> **RECORDS FOR THE TASK**
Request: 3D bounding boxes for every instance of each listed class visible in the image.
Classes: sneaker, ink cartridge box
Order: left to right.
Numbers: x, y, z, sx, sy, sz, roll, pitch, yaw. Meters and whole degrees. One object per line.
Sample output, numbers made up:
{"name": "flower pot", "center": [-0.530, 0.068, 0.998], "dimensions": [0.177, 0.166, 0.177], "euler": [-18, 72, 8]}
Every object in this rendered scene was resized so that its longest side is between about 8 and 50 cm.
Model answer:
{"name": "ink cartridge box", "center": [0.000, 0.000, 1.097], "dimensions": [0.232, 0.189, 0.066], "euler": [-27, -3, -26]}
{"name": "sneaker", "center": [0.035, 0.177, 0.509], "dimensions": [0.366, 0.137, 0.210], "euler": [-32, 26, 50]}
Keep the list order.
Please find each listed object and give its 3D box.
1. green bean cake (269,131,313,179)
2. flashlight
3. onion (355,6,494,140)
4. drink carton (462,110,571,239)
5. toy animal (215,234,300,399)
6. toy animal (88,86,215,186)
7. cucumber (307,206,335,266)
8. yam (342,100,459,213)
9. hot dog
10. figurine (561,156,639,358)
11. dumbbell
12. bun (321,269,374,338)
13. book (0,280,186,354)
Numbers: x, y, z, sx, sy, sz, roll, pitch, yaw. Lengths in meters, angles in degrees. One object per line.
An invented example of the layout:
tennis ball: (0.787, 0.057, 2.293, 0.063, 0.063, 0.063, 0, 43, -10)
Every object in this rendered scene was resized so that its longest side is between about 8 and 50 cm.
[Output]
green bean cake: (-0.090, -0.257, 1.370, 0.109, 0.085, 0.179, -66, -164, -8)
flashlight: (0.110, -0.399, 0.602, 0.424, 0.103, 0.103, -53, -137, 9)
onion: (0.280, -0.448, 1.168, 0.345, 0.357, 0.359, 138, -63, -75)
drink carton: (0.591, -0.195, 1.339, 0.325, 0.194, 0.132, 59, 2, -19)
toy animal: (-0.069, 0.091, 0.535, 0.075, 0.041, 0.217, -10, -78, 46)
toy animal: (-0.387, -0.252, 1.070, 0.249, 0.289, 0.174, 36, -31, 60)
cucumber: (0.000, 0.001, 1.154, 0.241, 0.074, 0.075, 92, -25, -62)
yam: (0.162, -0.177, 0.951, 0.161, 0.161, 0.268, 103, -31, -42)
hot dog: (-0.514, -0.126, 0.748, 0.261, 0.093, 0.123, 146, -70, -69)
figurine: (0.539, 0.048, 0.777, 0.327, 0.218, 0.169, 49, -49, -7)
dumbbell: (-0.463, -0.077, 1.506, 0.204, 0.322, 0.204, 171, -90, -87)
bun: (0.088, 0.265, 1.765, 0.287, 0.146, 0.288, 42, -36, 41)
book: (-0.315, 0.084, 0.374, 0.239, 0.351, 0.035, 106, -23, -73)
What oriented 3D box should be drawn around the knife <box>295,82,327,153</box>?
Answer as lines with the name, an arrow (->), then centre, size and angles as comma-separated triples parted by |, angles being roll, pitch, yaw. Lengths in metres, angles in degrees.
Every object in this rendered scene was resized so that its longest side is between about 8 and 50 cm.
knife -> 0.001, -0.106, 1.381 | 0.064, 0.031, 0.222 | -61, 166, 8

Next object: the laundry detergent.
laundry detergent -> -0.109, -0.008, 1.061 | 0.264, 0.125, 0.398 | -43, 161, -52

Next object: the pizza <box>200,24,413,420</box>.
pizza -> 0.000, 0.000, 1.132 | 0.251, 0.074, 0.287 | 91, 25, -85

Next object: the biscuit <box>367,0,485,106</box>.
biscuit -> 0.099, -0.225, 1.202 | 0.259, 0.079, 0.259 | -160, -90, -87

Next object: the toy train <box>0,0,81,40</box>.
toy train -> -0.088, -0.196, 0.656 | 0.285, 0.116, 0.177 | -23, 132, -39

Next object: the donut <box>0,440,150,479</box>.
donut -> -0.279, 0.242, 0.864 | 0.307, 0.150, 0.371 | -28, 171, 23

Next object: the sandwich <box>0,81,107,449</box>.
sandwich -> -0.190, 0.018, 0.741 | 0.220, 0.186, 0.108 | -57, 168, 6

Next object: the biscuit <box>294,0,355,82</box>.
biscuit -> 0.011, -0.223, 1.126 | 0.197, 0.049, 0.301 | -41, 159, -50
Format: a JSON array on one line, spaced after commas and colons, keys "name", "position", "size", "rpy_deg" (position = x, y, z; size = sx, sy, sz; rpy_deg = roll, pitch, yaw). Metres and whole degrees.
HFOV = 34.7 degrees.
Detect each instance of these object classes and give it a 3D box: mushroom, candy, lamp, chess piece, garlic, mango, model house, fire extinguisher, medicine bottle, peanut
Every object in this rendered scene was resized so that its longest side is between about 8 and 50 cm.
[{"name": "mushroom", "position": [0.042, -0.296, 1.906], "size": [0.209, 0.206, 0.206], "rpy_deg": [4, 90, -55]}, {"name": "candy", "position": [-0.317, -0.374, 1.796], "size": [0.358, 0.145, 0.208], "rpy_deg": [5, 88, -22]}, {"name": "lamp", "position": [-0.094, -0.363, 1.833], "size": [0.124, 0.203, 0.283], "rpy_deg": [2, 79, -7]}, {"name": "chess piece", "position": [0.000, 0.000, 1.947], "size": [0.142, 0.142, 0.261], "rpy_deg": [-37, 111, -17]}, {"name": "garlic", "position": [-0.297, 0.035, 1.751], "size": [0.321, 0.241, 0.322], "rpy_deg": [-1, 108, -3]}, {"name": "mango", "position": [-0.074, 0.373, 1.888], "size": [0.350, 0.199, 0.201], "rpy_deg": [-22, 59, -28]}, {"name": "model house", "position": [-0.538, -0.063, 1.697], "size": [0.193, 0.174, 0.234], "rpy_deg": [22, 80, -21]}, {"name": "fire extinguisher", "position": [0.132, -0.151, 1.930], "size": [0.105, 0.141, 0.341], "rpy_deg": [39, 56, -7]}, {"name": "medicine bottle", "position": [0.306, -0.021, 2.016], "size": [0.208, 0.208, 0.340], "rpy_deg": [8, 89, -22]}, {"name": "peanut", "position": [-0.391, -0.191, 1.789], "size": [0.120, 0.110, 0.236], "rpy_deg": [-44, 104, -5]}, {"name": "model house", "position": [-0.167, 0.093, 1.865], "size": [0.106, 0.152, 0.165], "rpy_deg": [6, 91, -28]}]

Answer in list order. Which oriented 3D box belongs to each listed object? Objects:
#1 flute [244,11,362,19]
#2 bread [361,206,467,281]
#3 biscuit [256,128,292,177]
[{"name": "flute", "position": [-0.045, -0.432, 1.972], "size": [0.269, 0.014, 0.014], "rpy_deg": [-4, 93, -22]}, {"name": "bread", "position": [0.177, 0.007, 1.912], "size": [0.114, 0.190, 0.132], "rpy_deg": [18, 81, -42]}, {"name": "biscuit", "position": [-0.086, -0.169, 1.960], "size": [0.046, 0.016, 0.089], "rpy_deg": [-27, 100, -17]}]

* * *

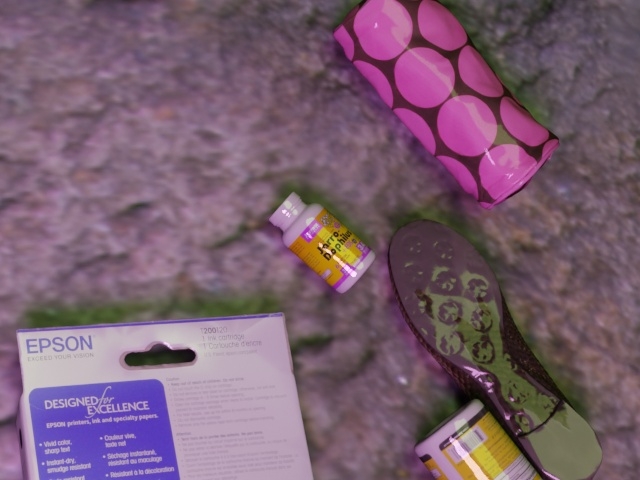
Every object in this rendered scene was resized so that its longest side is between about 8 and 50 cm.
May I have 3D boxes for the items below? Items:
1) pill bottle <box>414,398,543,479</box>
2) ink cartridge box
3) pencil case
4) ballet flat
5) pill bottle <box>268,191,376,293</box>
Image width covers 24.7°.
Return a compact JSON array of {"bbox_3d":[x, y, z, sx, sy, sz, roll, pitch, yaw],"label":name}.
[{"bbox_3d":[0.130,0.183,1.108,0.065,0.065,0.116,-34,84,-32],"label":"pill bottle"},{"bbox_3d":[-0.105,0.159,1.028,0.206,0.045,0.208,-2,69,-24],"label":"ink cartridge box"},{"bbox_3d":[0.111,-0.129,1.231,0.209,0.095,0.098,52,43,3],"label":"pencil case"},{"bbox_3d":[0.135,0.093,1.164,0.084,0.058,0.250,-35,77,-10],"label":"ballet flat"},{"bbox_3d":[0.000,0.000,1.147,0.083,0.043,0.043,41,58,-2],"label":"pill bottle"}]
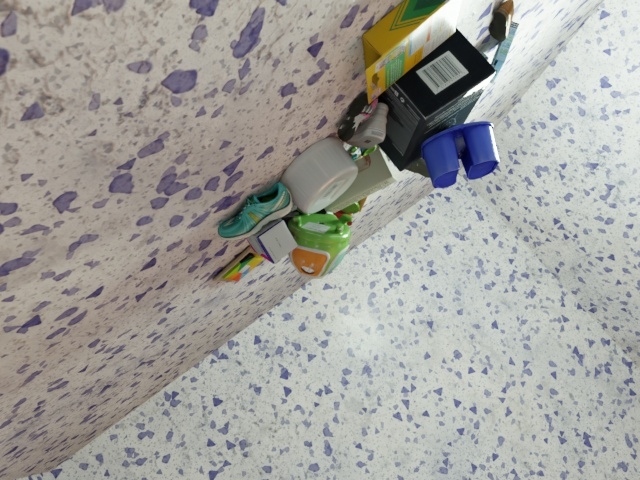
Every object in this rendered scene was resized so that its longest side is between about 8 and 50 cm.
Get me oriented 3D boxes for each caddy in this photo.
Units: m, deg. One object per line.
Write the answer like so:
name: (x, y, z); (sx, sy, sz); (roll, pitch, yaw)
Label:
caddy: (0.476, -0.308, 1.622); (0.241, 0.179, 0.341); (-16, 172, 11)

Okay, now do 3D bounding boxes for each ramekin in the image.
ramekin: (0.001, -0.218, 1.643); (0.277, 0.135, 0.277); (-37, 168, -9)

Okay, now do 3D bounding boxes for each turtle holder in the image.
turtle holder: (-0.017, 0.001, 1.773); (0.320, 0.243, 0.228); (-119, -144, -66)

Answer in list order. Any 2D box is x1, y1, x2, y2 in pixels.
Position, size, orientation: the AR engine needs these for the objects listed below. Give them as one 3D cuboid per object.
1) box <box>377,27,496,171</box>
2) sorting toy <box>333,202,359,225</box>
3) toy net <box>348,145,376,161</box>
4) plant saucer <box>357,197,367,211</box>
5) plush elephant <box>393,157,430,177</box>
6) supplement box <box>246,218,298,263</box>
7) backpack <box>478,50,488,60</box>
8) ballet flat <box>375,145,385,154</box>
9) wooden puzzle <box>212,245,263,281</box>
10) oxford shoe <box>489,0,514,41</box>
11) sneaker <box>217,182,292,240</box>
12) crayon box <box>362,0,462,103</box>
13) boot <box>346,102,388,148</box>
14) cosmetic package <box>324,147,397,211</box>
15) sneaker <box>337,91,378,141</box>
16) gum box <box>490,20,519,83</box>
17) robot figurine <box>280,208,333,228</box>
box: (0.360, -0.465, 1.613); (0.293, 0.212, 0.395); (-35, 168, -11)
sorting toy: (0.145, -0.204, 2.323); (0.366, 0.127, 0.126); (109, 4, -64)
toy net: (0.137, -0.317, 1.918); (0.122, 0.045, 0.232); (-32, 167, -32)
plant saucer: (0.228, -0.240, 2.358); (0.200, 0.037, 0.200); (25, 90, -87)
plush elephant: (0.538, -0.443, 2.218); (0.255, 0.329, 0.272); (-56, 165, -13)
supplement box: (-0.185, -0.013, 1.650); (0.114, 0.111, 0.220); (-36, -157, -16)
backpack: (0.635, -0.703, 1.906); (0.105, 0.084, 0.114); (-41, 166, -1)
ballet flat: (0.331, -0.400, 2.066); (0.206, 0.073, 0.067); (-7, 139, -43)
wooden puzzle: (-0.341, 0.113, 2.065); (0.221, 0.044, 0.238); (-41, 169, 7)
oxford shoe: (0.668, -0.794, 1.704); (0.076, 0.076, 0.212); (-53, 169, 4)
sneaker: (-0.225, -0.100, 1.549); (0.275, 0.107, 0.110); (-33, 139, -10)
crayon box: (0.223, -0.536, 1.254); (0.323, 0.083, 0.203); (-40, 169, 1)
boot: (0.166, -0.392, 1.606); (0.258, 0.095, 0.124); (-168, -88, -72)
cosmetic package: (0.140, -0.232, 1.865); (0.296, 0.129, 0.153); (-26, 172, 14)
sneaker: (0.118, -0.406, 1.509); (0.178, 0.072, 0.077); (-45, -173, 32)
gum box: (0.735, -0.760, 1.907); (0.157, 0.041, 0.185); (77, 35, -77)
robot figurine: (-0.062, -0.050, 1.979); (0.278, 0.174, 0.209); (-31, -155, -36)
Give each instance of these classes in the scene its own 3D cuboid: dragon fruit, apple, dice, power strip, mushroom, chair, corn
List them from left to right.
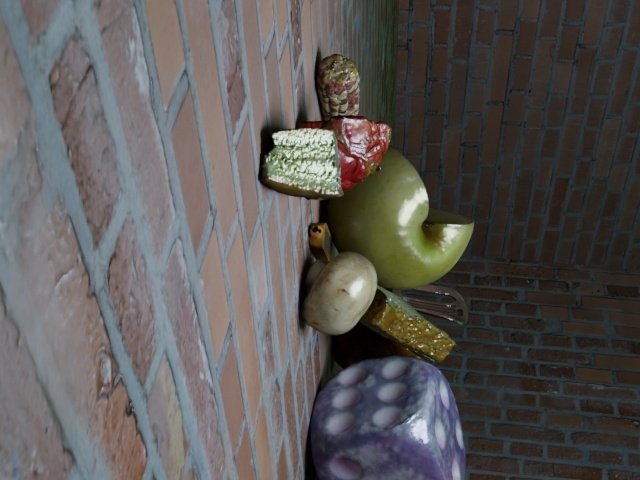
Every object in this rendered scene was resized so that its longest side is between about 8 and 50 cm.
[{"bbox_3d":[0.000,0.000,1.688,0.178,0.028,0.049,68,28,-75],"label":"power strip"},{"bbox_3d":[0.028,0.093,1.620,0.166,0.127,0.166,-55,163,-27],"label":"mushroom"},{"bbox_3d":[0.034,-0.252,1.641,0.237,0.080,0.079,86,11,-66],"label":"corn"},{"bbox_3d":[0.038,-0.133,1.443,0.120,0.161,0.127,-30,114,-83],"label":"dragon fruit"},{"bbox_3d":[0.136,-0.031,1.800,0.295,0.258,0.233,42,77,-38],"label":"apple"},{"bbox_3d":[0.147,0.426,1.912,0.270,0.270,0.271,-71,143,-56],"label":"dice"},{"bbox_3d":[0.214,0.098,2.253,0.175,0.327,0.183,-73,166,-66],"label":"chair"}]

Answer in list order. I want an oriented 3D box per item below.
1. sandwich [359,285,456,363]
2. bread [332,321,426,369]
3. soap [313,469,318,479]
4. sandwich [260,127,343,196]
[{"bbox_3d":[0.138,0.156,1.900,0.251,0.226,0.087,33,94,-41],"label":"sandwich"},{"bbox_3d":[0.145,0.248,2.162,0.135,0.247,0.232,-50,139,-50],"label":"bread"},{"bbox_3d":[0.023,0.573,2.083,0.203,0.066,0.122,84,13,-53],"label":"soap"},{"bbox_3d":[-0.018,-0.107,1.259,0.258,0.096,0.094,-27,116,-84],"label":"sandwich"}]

> **EXERCISE**
Look through the listing and extract every line with "angles" in it.

> **TASK SOLUTION**
Numbers: x, y, z, sx, sy, sz, roll, pitch, yaw. Lengths in meters, angles in degrees. One object per line.
Answer as lines with the name, an arrow (->), then centre, size and angles as comma-separated triples parted by |, angles being roll, pitch, yaw. Lengths in metres, angles in degrees.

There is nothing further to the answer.